[[ Data for review, beginning ]]

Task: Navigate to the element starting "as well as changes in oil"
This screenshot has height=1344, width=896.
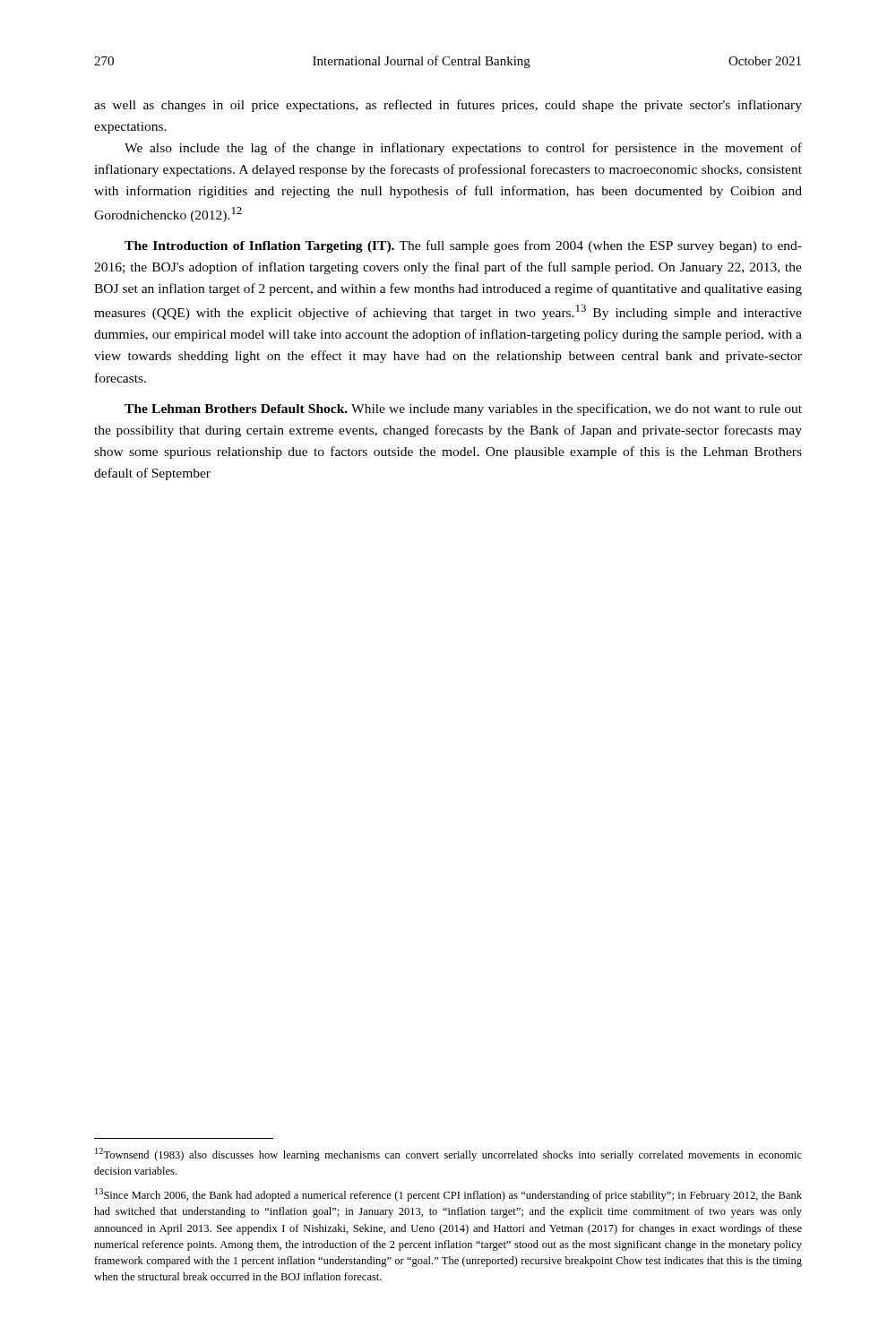Action: click(x=448, y=115)
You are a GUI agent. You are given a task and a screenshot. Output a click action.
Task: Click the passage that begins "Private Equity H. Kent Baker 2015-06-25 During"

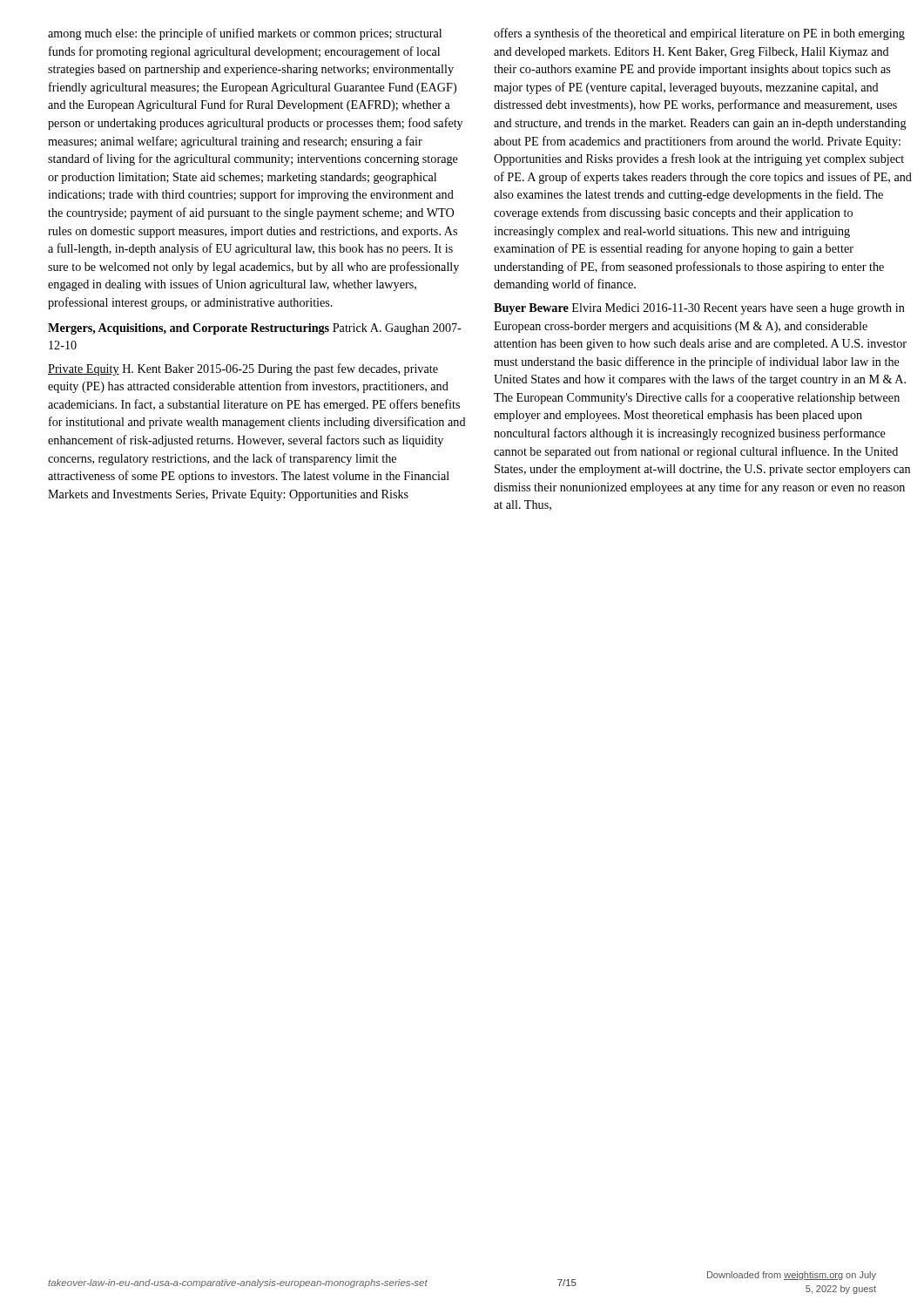point(257,431)

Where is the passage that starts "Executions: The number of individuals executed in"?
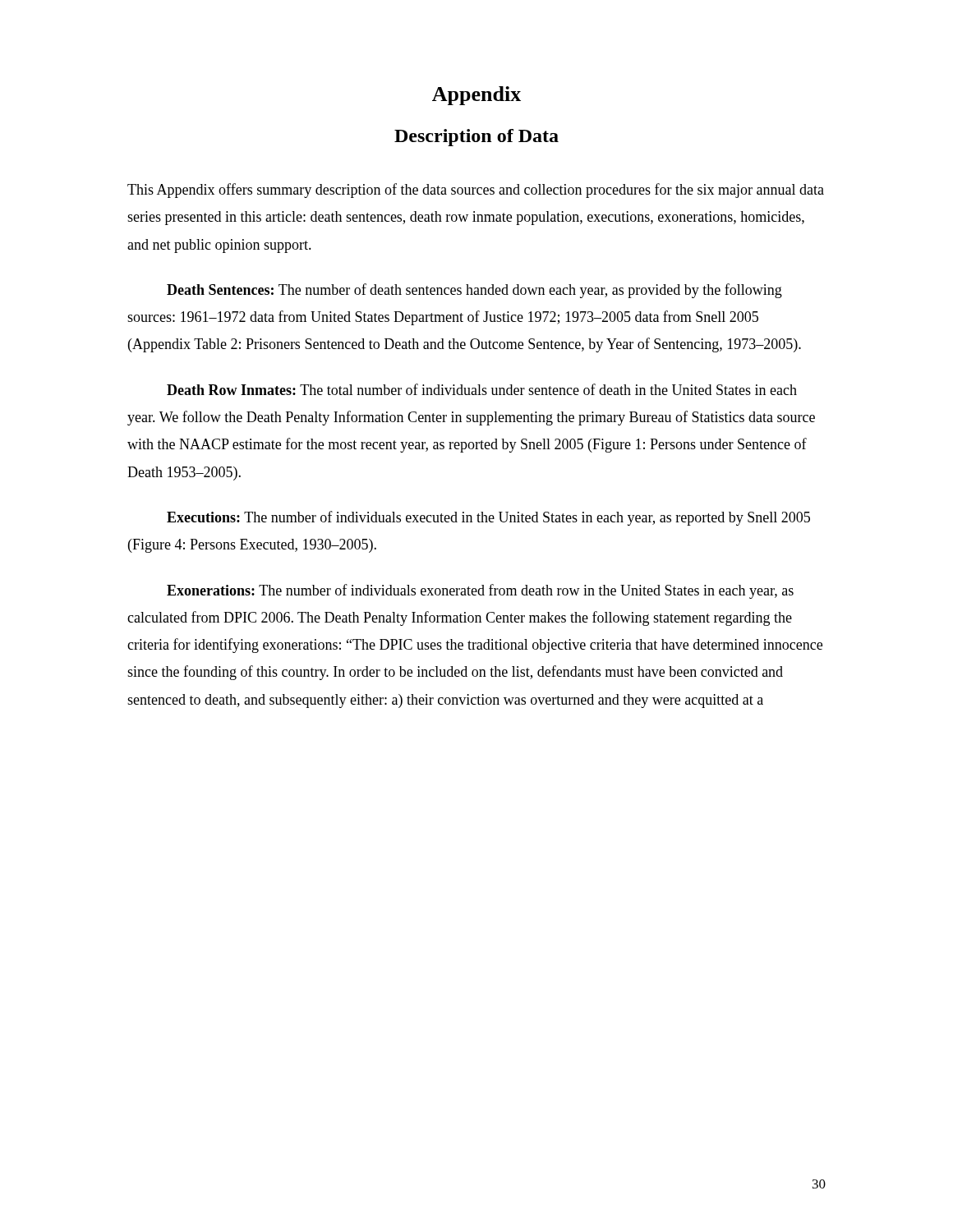click(469, 531)
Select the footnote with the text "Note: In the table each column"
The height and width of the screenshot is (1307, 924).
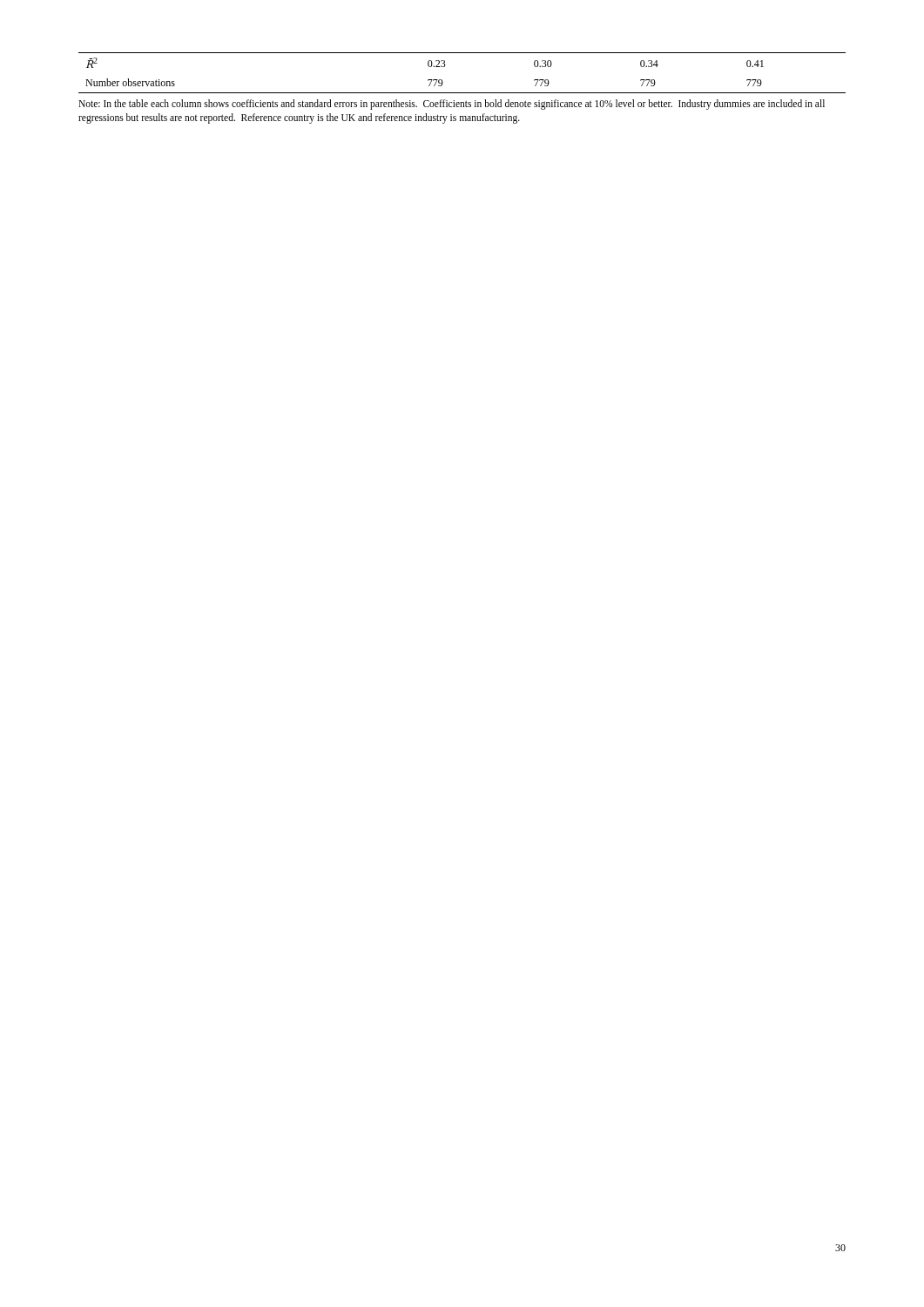[452, 111]
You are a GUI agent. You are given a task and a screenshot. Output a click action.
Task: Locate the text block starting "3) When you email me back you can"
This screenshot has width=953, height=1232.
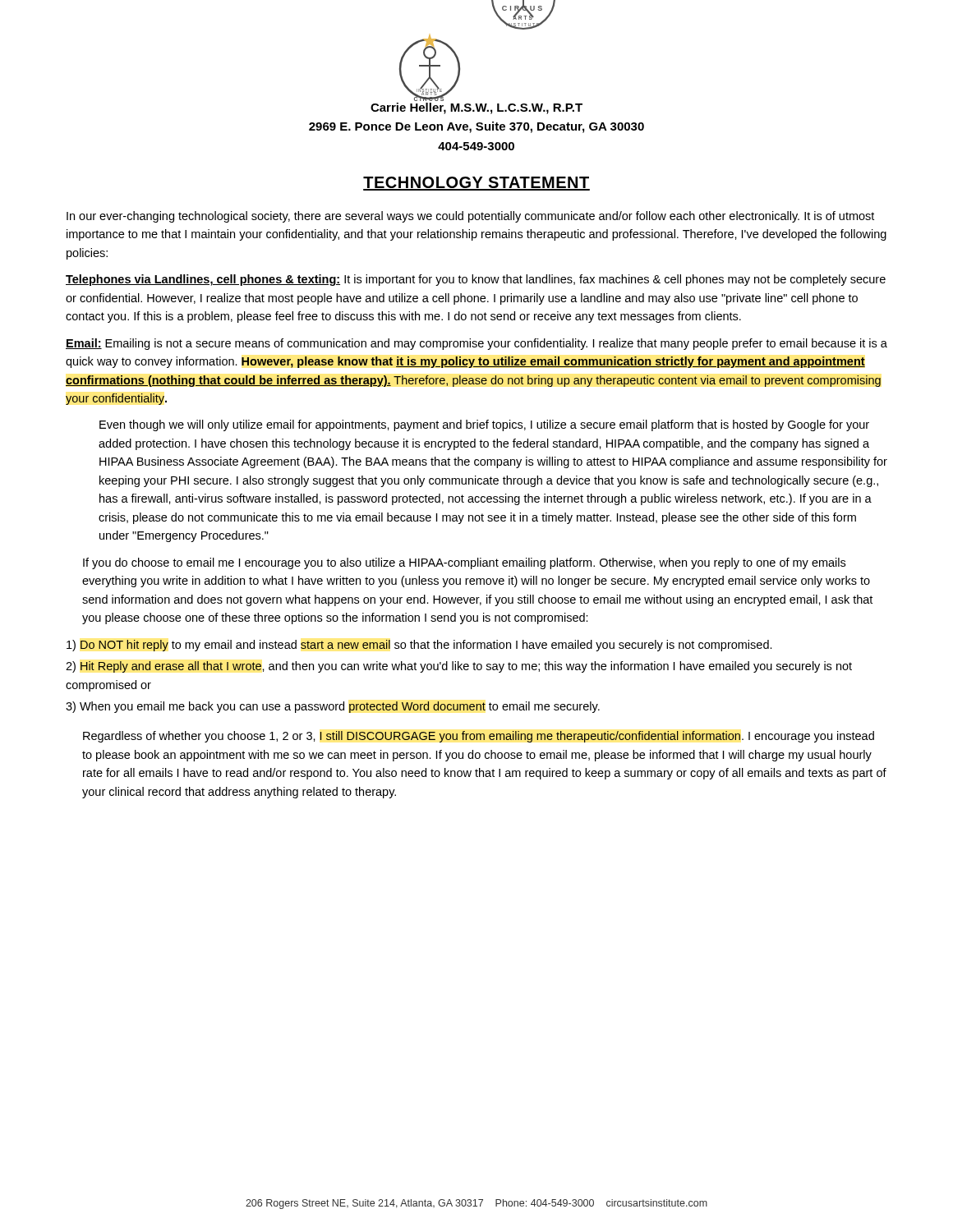coord(333,706)
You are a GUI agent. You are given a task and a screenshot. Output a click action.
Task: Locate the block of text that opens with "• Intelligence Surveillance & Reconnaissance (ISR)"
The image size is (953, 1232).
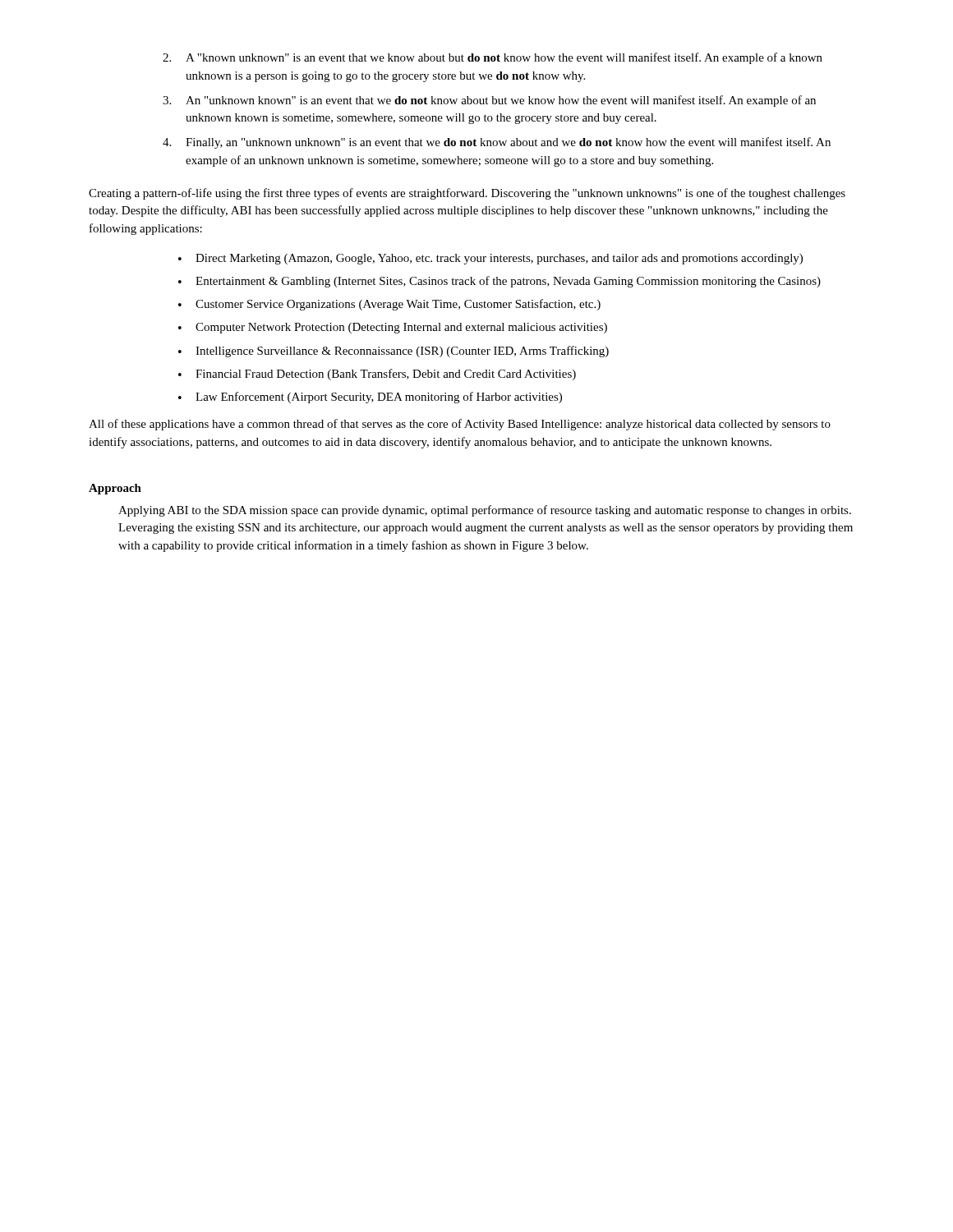coord(521,352)
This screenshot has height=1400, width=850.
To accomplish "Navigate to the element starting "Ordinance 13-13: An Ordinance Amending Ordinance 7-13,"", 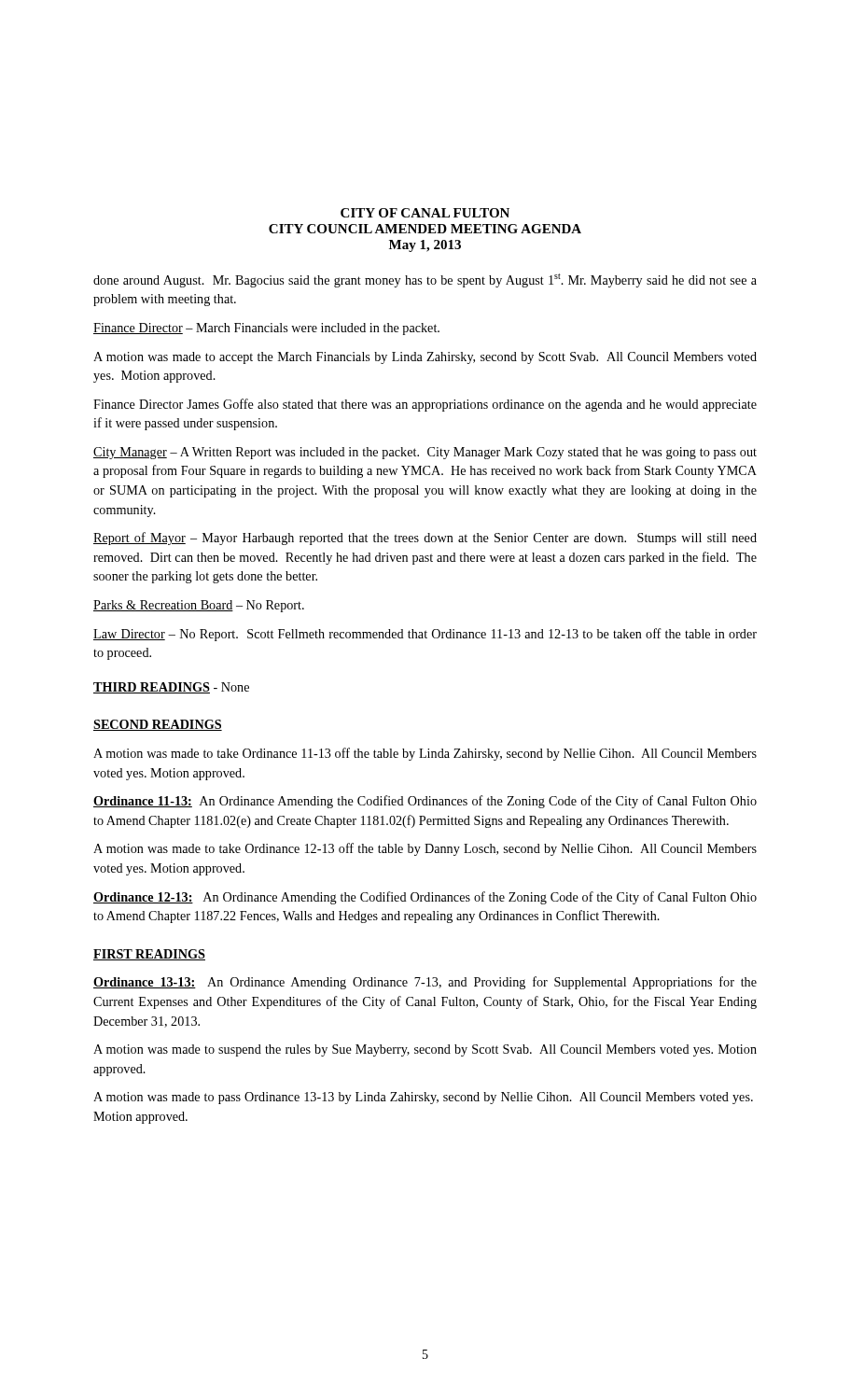I will pyautogui.click(x=425, y=1001).

[[ Data for review, end ]]

*Task to carry out*
Leave the pictures out, and restate exactly the lines from the start of the records through the one that contains "Task: Locate the text".

*Response to this exercise*
Task: Navigate to the element starting "as well as changes in oil"
This screenshot has height=1344, width=896.
Action: click(x=448, y=115)
You are a GUI agent. You are given a task and a screenshot. Output a click action.
Task: Click the passage that begins "Private Equity H. Kent Baker 2015-06-25 During"

point(257,431)

Where is the passage that starts "Executions: The number of individuals executed in"?
click(469, 531)
Select the footnote with the text "Note: In the table each column"
The height and width of the screenshot is (1307, 924).
[452, 111]
You are a GUI agent. You are given a task and a screenshot. Output a click action.
Task: Locate the text block starting "3) When you email me back you can"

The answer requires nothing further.